I was the youngest of seven children and I was 14 when my parents got their first refrigerator.  You may ask, “How did you keep milk without a refrigerator?”  That is a good question.  Of course, the winter isn’t a problem but it is possible to have cool milk to drink even in the summer.  The window sills in home built back in the l920’s and 1930’s were wider than window sills in homes now.  We had a window on the north side of the house.  In the summer, my mother would open the north window a few inches and put cool water in a pan that was round and maybe three or four inches deep.  Then she would put a pitcher with a cover, full of milk, into the pan with the water.  We always had flour sacks, and she would get the sack dripping wet in cool water and wrap the pitcher all the way to the top with the wet sack.  The water would “wick” up the sack, the north breeze would keep the sack cool and the cool, wet sack kept the milk cool.  We always checked the water level and couple of times a day to be sure the milk would be cool.  The window was large enough that we could have two pitchers cooling at one time.  I should probably mention that they were large pitchers.  The milk was not ice cold but plenty cool and delicious. 

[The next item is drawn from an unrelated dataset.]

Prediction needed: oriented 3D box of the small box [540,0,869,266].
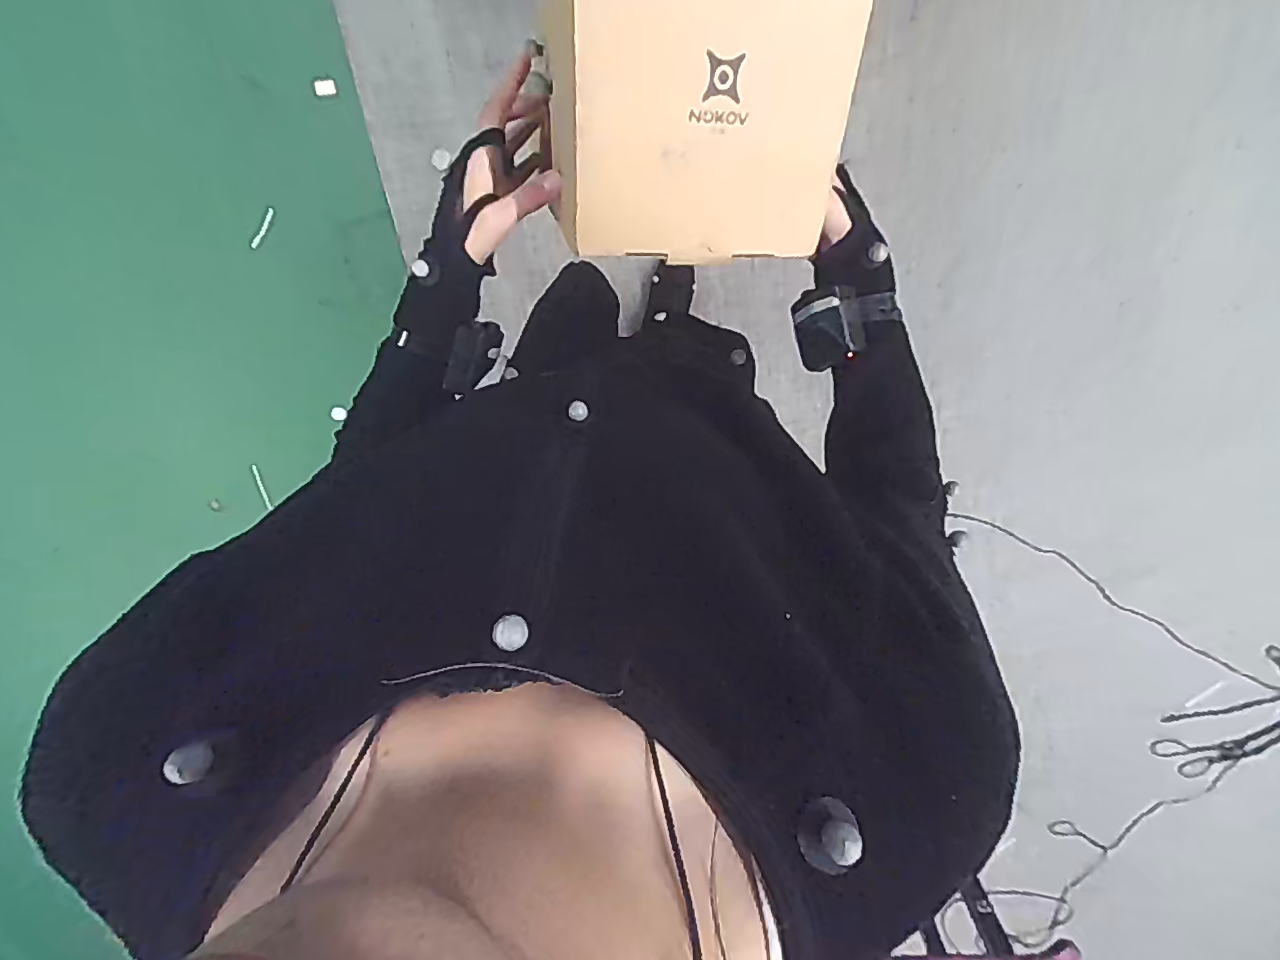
[{"bbox_3d":[0.023,-0.260,0.368,0.168,0.176,0.179,-5,127,-12],"label":"small box"}]

We had all the meat we wanted.  As mentioned above we had a variety of animals.  We didn’t have any way to freeze the meat so my mother bottled a lot of it in the pressure cooker.  She bottled, beef, port, lamb, chicken and rabbit.  Oh, my goodness!  It was so-o good.  It was good on sandwiches or to eat with potatoes and gravy, in soups or whatever.
And, when Daddy killed a pig, he would cut out the portions for ham and bacon.  Daddy always cured our bacon and ham.  It was quite a process.  He made a rub with brown sugar, salt, pepper and I don’t know what else and he would rub and rub and rub that into the meat.  Then he would wrap the meat in clean flour sacks and hang them on the north side of the house, up high, under the eaves where “the sun don’t shine.”  After a couple of weeks he’d get the meat down and go through the same process of rubbing and rubbing the mixture into the meat.  He also had a large “needle” looking thing that he could put some liquid “rub” inside the meat.  He would, again, hang the meat up under the eaves.  A couple of weeks later he would do it again.  I don’t remember how many times he did that but it was several times.  Oh my goodness, that was such good bacon and ham.

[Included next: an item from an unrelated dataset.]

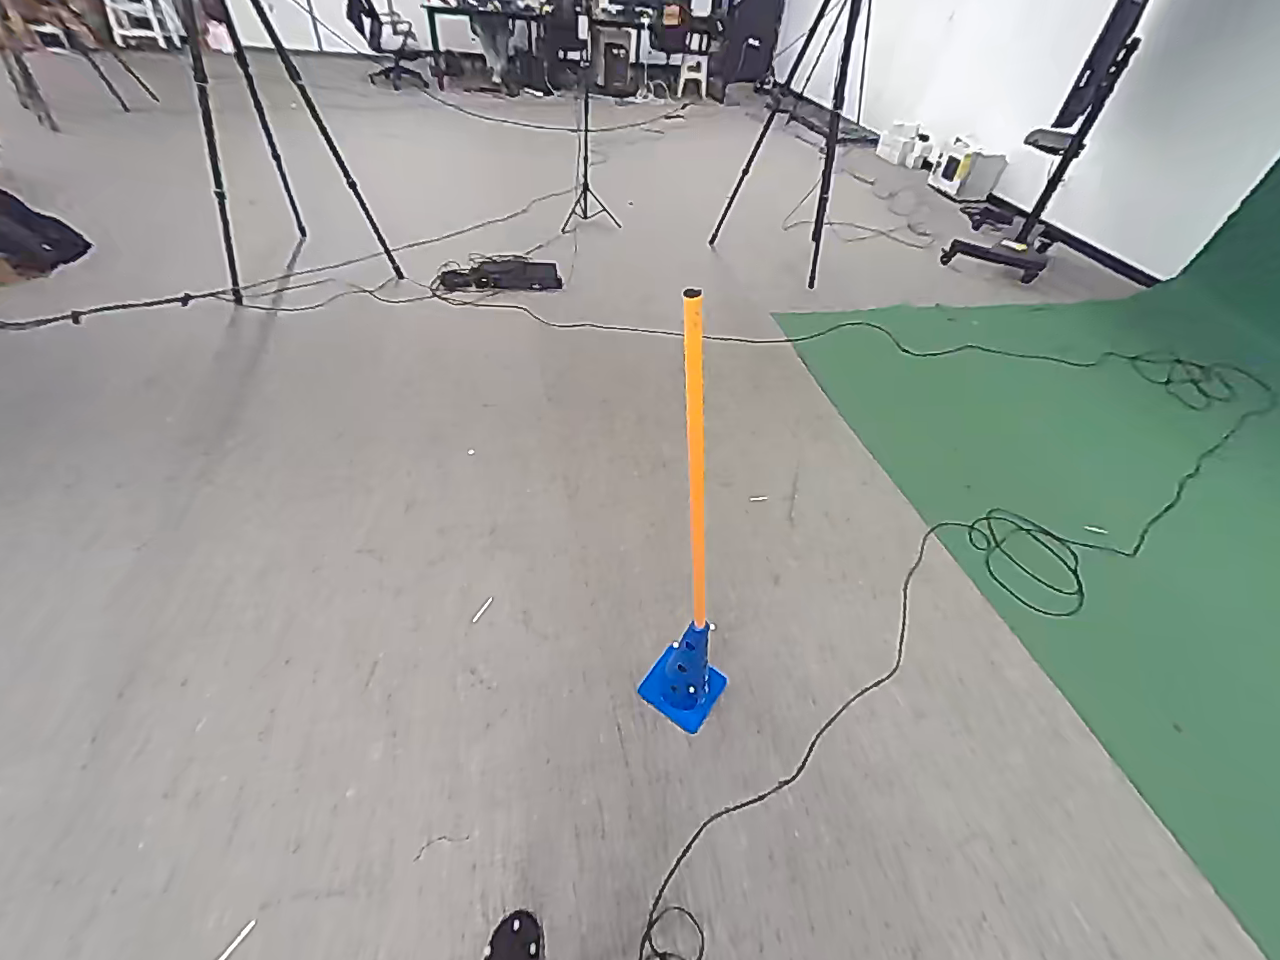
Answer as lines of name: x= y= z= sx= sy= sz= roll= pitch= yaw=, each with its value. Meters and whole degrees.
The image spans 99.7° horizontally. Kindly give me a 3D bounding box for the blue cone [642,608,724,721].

All things considered, I pretty good life when I was growing up.  Yes, we had to work hard, including the kids, but it was very satisfying and the rewards were great.  For instance, we had an ice house.  In the winter when the reservoir was frozen my dad would go to the reservoir and cut blocks of ice.  As I recall, the ice was about eight inches thick.  He would cut squares about two feet by two feet square and load it onto the “bob sled”.  I believe the horses belonged to several people so they would take turns using the horses.  He would load up the bob sled and the horses would pull the sled home.  Daddy would have a lot of sawdust on the floor—probably about 24 inches.  Then he would place the squares of ice on the sawdust, leaving a space around the edges and between the blocks of ice.  When he had a layer of ice he would pour a layer of sawdust all over and around the ice.  He would do this over and over again until the ice and sawdust were about four feet from the top of the icehouse.  Obviously, he had to make a number of trips to the reservoir and cut multiple blocks of ice.  It was hard and cold work but he was willing to do that for the rewards.  Often, the ice would last until mid or late August.  We could have cold water for drinking, freeze ice cream (YUMMY), mold jello and keep the homemade root beer cold for drinking.

It was a good life.  I wish I had tried harder to learn about some of the things we had available to us in order to be better prepared in case of emergency.  Although, I have no doubt that if it were necessary, I would learn very quickly how to cope.  Hope this helps a little.  Love you.